US 30-year bonds have had a worrisome week.
They’ve risen for five straight days in a climb to 4.61% from 4.31% and that’s coming at the same time as Chinese debt heads in the other direction. Now some of that could be seasonal quirks and we’re still within the post-election range.
I worry about that range though. It’s a narrow spot on the chart and we will need to go down and test 4% or 5% at some point, maybe more.
I would like to think that will depend on how the economy evolves but I fear that it may hinge more on Washington and what Congress decides to do early in Trump’s term. There is one line of thinking that the border/immigration and energy will be the first priority with taxes left for later. There is another that aims to extend Trump’s tax cuts right away.

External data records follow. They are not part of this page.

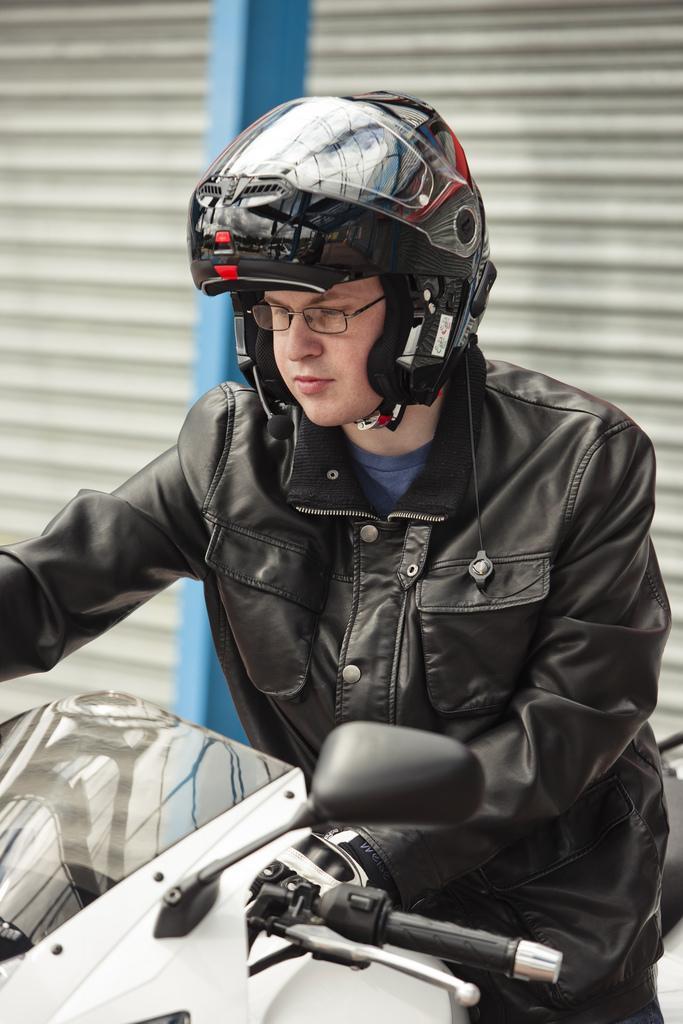Describe this image in one or two sentences. In this picture there is a man who is wearing helmet, spectacle, jacket and trouser. He is standing near to the bike. Behind him I can see the shelter and blue color pole. 
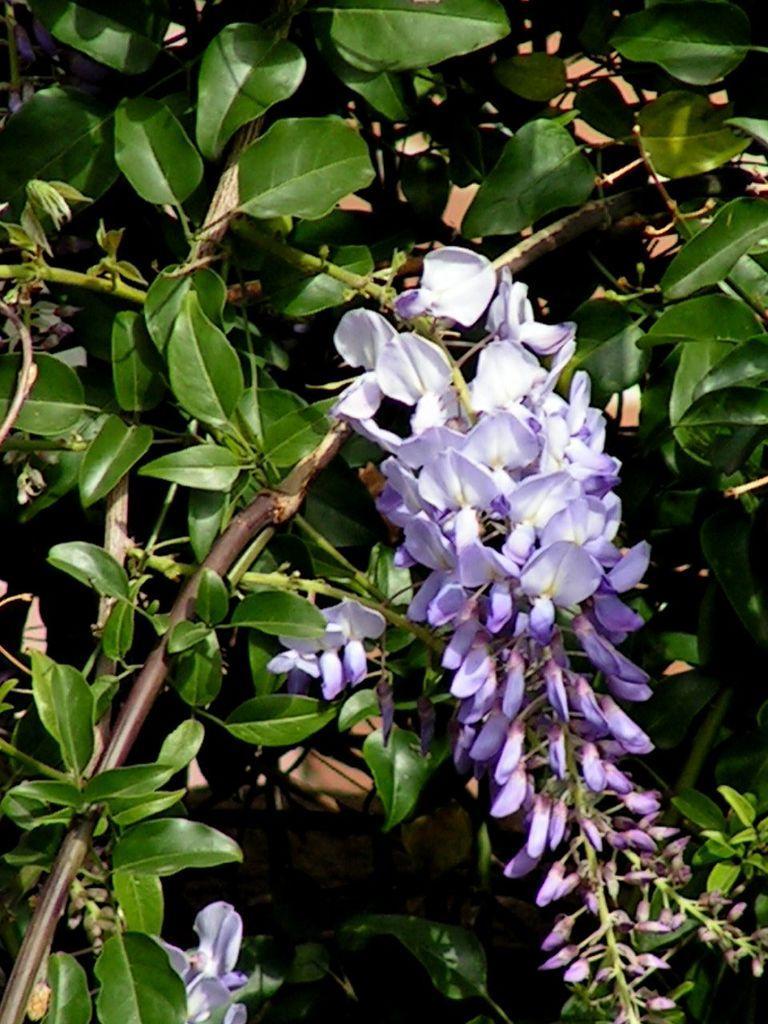Could you give a brief overview of what you see in this image? In this image we can see a plant, there are purple flowers, there is a bud. 
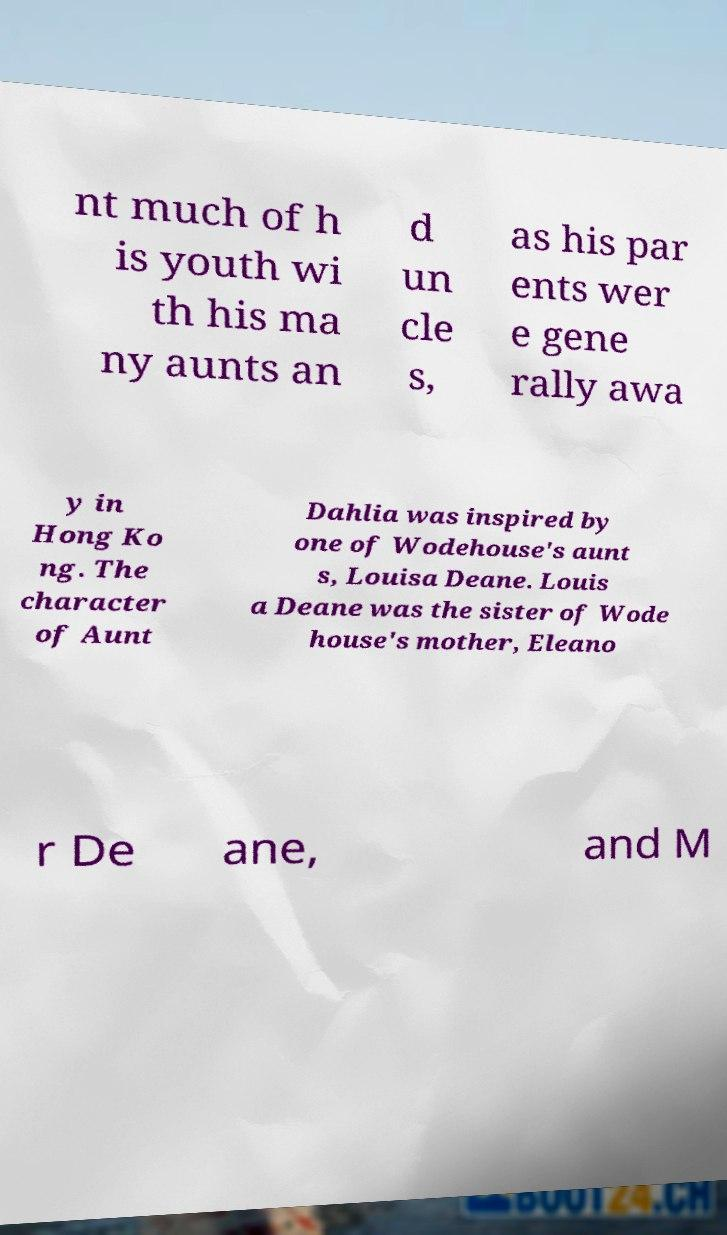Can you read and provide the text displayed in the image?This photo seems to have some interesting text. Can you extract and type it out for me? nt much of h is youth wi th his ma ny aunts an d un cle s, as his par ents wer e gene rally awa y in Hong Ko ng. The character of Aunt Dahlia was inspired by one of Wodehouse's aunt s, Louisa Deane. Louis a Deane was the sister of Wode house's mother, Eleano r De ane, and M

Politically, I have no idea how that shakes out with the narrow Republican majority but I don’t think fiscal hawks are in a position to put up a fight at the moment. That may mean it’s the market that kicks and screams.
Now it could also come down to the economy. There is deep uncertainty about the animal spirits that could be unleashed following the election. Many business surveys lamented Biden and pinned for a new administration and said they were holding back investment and hiring until the election. If that’s the case, the US growth could surprise next year, even without Congressional help.
In any case, the US dollar will be along for the ride. Japan isn’t signalling a rate hike next week and the marekt has it priced at just 23%. With that, USD/JPY is climbing again, up 107 pips to 153.70 today and on a five-day winning streak that mirrors Treasury yields.
More broadly, the quiet period in bonds has contributed to the euphoric mood in stocks. If the range in yields cracks to the upside, it might not be pretty.
What to watch for next? I don’t think a dovish Powell on Wednesday would be well-received by the bond market.